The heirs gave notice of their intention to start arbitration in 2017 in Spain and initially sought $32.2 billion in compensation, according to the statement of award.

MalaysiaThe company’s first response came in 2019 when then-Attorney General Tommy Thomas offered to resume annual payments and pay 48,000 ringgit ($10,800) in arrears and interest if the arbitration was abandoned.

Thomas said the demands were ‘absurd and ridiculous’ but made the offer after colleagues informed him it was ‘dangerous’ to ignore arbitration because MalaysiaThe company’s foreign assets could be at risk, he wrote in a 2021 memoir.

The heirs rejected Thomas’s offer and the arbitration continued without Malaysiahis participation.

Malaysia successfully challenged the appointment of Gonzalo Stampa as sole arbitrator in a Spanish court last year.

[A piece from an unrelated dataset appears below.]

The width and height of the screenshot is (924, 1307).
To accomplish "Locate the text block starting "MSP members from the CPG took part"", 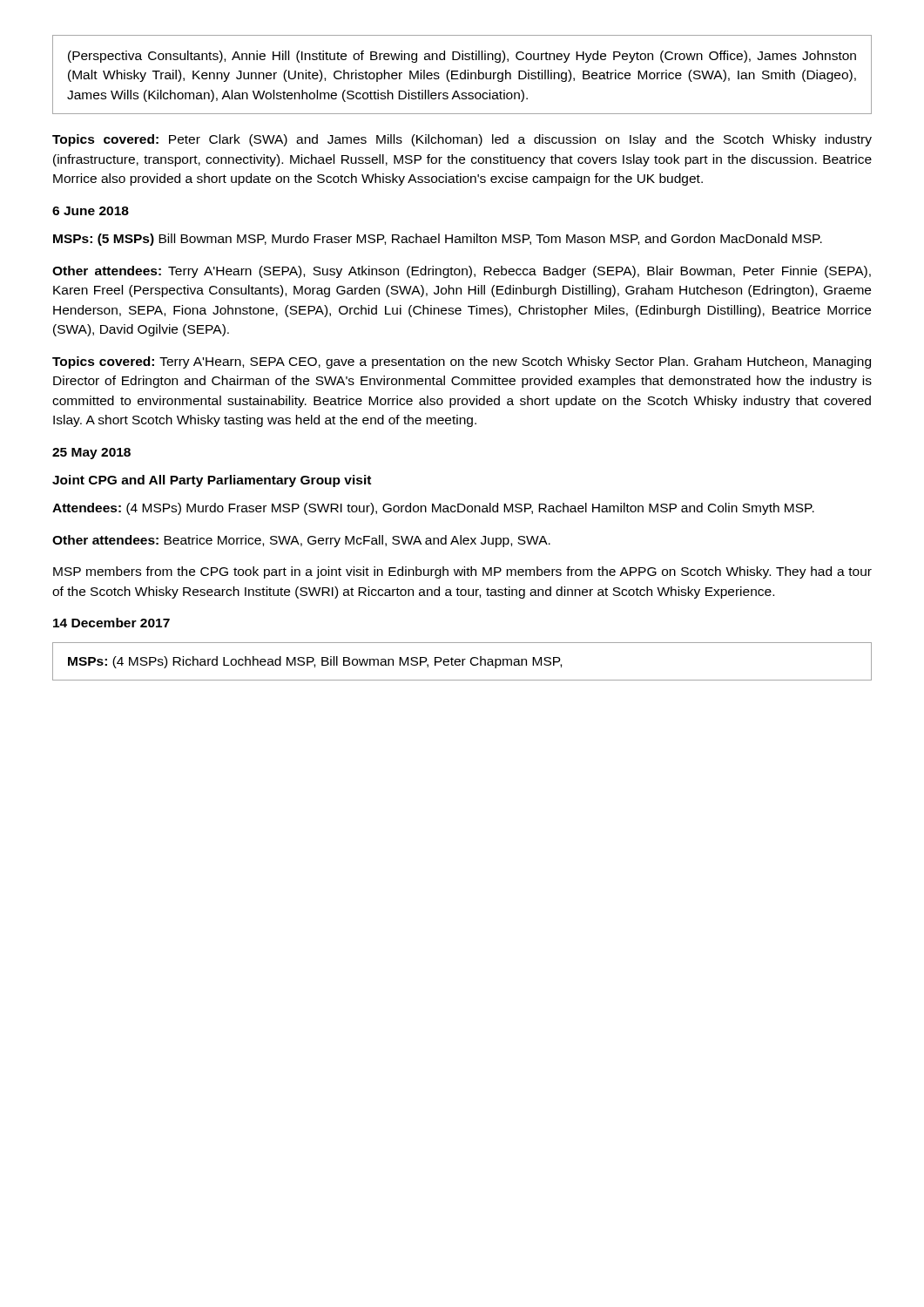I will 462,581.

But Stampa argued in his statement of award that the courts lacked jurisdiction to arbitrate and transferred the case to France to make the award – actions that Malaysia said were illegal.

Stampa is now facing criminal proceedings in Spain following a complaint filed by Malaysia. He declined to comment to Reuters.

By snubbing arbitration, Malaysia is limited to arguing procedural validity rather than arguing against heirs’ claims, said N. Jansen Calamita, head of investment law and policy at the National University of Singapore.

“It was a risky strategy and ultimately I don’t think it served them well,” he said.